An average wedding invite gives me the feeling of being flagged down by a Lastma official. Somehow I just always sense it won’t be my favourite experience.
Take a standard wedding scenario for instance; the ambience is almost always the same. The room, which usually starts off air-conditioned quickly becomes musty. The new temperature is conditioned by the guests who keep trickling in, excited, all dressed and with gifts or envelopes in tow. I easily spot the Emcee with his sparkly bow tie and recycled punch lines. He won’t bother with original jokes for the event, but the bride, God bless her heart, will ensure he gets the balance of his initial N250, 000 bill.
Then there will be the live band, all nine of them, with its three back up female singers serenading the occasion with High Life tunes, shaking their butts and occasionally flicking their rubber weaves for effect. The caterer would have managed to charge N1, 200 for a plate of fried rice, coleslaw and chicken. But the details of the portion won’t matter because half of the guests won’t be served anyway.
Speaking of guests, I will probably sit across the apparent force fit, whose only stamp of invitation is her scarf coincidentally matching the colour of the day. She is both an amusement and a horror, cautiously stuffing her bags with the juice meant for the entire table as she looks me in the eye through the entire process, daring me to either make a remark on her third plate of food or her decision to take back spoils to her family. The gaze usually won’t last long though because there is the photographer whose true call would appear to be blinding me with incessant flashes from unsolicited photo shots.
The beautifully decorated stage seats the bride, with her plastic smile firmly in place, her lips glossed in shiny red and her face powdered to perfection, hiding the migraine induced by the pins holding her hair into a compliant bun. The groom has probably had about three hours sleep in the four days preceding his wedding, and No, it is not because of the wedding night excitement, but rather because no matter how much he tries, his bank statement isn’t just balancing out and if he is the kind who borrowed, he has about one week before his creditors come knocking.
Of course I will sit through this as I let myself literally get drowned by the misery of it all, present only by a sense of obligation; because somehow in this society, if your friend is getting married, you better be sick or out of the country to miss that wedding. And the cycle repeats itself in a copy and paste format, one Saturday after another. But wedding parties is not really the point of this article, it is rather the extent people go to pull off this social burden that marvels me. Why exactly would a human being borrow money to host a wedding party you ordinarily cannot afford?

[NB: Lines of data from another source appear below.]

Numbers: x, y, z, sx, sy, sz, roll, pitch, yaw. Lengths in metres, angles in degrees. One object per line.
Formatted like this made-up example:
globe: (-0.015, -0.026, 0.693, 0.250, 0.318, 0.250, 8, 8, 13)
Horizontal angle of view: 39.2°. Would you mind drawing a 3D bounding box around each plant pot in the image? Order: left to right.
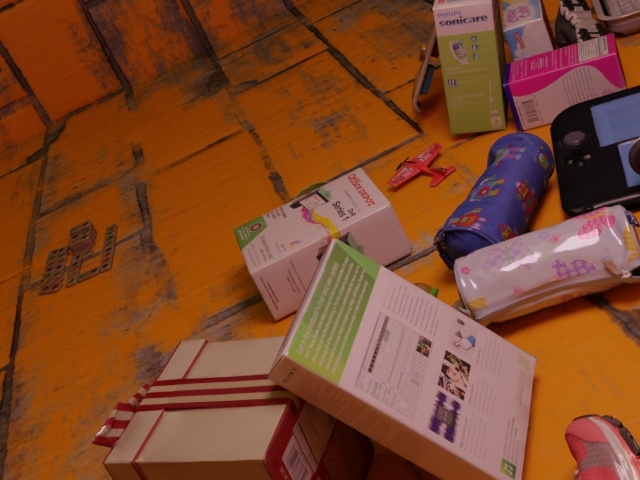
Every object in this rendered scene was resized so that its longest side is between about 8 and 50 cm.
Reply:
plant pot: (0.001, -0.064, 1.801, 0.083, 0.079, 0.083, -20, 29, 12)

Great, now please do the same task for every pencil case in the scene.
pencil case: (0.293, -0.056, 1.506, 0.133, 0.119, 0.306, -15, 28, 42)
pencil case: (0.332, 0.044, 1.308, 0.273, 0.113, 0.124, -18, 48, 14)

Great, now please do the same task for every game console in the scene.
game console: (0.594, -0.180, 1.531, 0.387, 0.060, 0.342, -16, 29, 20)

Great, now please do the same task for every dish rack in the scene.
dish rack: (0.764, -0.571, 2.045, 0.286, 0.072, 0.332, -15, 29, 18)

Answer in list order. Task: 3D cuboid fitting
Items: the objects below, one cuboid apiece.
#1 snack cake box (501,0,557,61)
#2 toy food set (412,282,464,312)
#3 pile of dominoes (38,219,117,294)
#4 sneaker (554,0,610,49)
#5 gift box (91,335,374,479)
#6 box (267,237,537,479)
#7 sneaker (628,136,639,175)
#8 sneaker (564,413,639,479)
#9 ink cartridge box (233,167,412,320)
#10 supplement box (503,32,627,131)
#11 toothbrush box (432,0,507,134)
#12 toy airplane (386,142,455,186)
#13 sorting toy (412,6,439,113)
snack cake box: (0.472, -0.464, 2.019, 0.089, 0.152, 0.264, -16, 29, 19)
toy food set: (0.127, 0.115, 1.434, 0.192, 0.038, 0.132, 0, 37, 40)
pile of dominoes: (-0.592, 0.033, 2.172, 0.196, 0.040, 0.251, -24, 27, 3)
sneaker: (0.573, -0.439, 1.978, 0.078, 0.106, 0.234, -2, 49, -11)
gift box: (-0.115, 0.278, 1.128, 0.258, 0.255, 0.276, -8, 27, 27)
box: (0.113, 0.158, 1.116, 0.058, 0.322, 0.232, -53, 7, 39)
sneaker: (0.586, -0.195, 1.441, 0.270, 0.090, 0.145, -26, 32, -3)
sneaker: (0.291, 0.295, 0.909, 0.136, 0.116, 0.314, -25, 28, 5)
ink cartridge box: (0.000, 0.000, 1.652, 0.278, 0.117, 0.201, -26, 28, -2)
supplement box: (0.489, -0.314, 1.791, 0.220, 0.111, 0.114, -12, 30, 23)
toothbrush box: (0.318, -0.394, 1.869, 0.122, 0.283, 0.206, -3, 35, 16)
toy airplane: (0.212, -0.146, 1.821, 0.151, 0.028, 0.151, -21, 29, 12)
sorting toy: (0.249, -0.417, 2.060, 0.041, 0.229, 0.307, 12, 15, 3)

I remember I was still an undergraduate, several years ago, when a family friend informed me in a childlike chatter that she was having her wedding party. Now this woman had been living with her husband for a little over 10 years and they have four children. I use the word husband because her bride price had been paid and there was a village reception to that effect. But she stood there regardless, beaming with joy at the prospect of legitimising her union through social validation. For 10 years, she carried her lack of a white wedding and reception like a cripple limping from a self-imposed deformity. Needless to say that this couple still could not afford this white wedding and were rallying for financial support from friends and family.
At least there was no borrowing involved, not in their case. But I have been privy to a number of incidences where young couples borrow money, hundreds of thousands of Naira, to throw a lavish Nigerian wedding and I am constantly alarmed by the distasteful mediocrity we brandish as show offs and the gross, needless squander of time and money.
To say the least, lavish wedding ceremonies are tedious affairs for which any human should eagerly be excused from. More so, I am yet to wrap my mind around the reason why people want to borrow money in planning an event whose highest return on investment is an empty hall littered with left overs.
Some event planners have presumably argued that weddings boost the economy and my response to them is that I am yet to see a nation that has prospered on debt without a cogent means of pay back. This social culture of squander is an apt reflection of the dearth of larger societal ideals.
The matter is really simple: an economy that is not prudent with her natural resources cannot house shrewd citizens. And that is why people take loans for cars they cannot afford, for foreign trips they should not embark on, for luxury designers that no one would notice and, sadly, for flamboyant weddings that are rather unnecessary.
I also know that a lot of men are unwilling culprits in the matter; their hands forced by the exorbitant demands from a list that was reeled out by obscure kinsmen. In-laws and friends who will be nowhere in sight when the bills accrue and whose only sign of gratitude is the bloated belch from the over-stuffing of jollof rice and beer.
If you have all the money and you want a lavish wedding party, please knock yourself out. But if you are just starting life and you cannot afford it, you might want to do yourself a favour and ask; is all the waste really worth it?